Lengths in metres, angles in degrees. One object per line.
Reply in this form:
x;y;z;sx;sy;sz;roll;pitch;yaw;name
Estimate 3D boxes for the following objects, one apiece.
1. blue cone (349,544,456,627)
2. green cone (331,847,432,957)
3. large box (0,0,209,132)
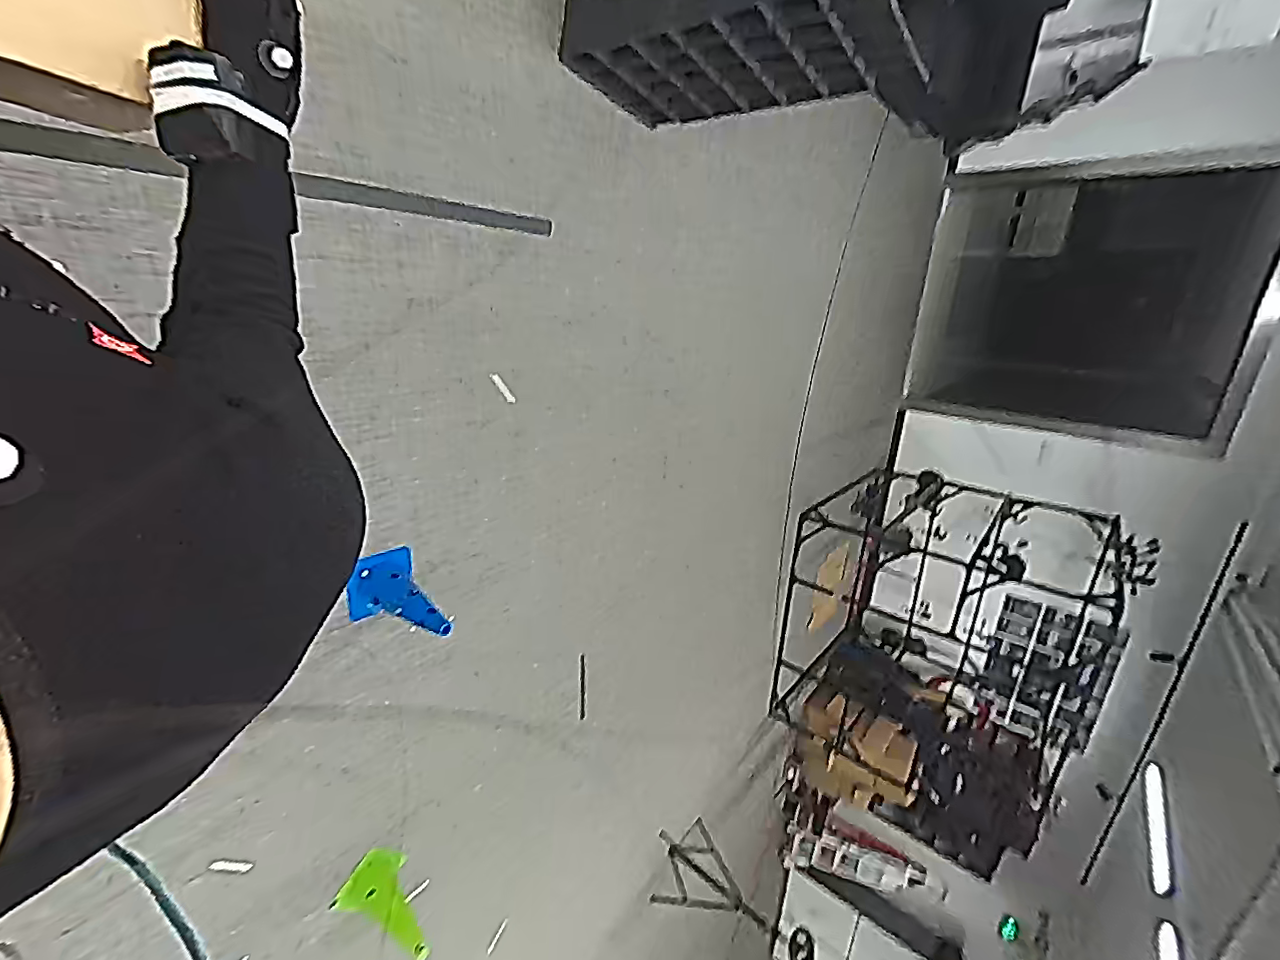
-0.667;0.343;1.565;0.192;0.380;0.193;-15;116;-51;blue cone
-0.814;1.441;1.797;0.202;0.368;0.200;-56;142;-24;green cone
-0.536;-0.443;0.298;0.408;0.320;0.320;-9;117;-52;large box

> [Prompt]
Restate exactly the lines that start at the "1. blue cone (349,544,456,627)" line and end with the last line of the material above, leaving out the pictures.

> [Result of the exercise]
1. blue cone (349,544,456,627)
2. green cone (331,847,432,957)
3. large box (0,0,209,132)
-0.667;0.343;1.565;0.192;0.380;0.193;-15;116;-51;blue cone
-0.814;1.441;1.797;0.202;0.368;0.200;-56;142;-24;green cone
-0.536;-0.443;0.298;0.408;0.320;0.320;-9;117;-52;large box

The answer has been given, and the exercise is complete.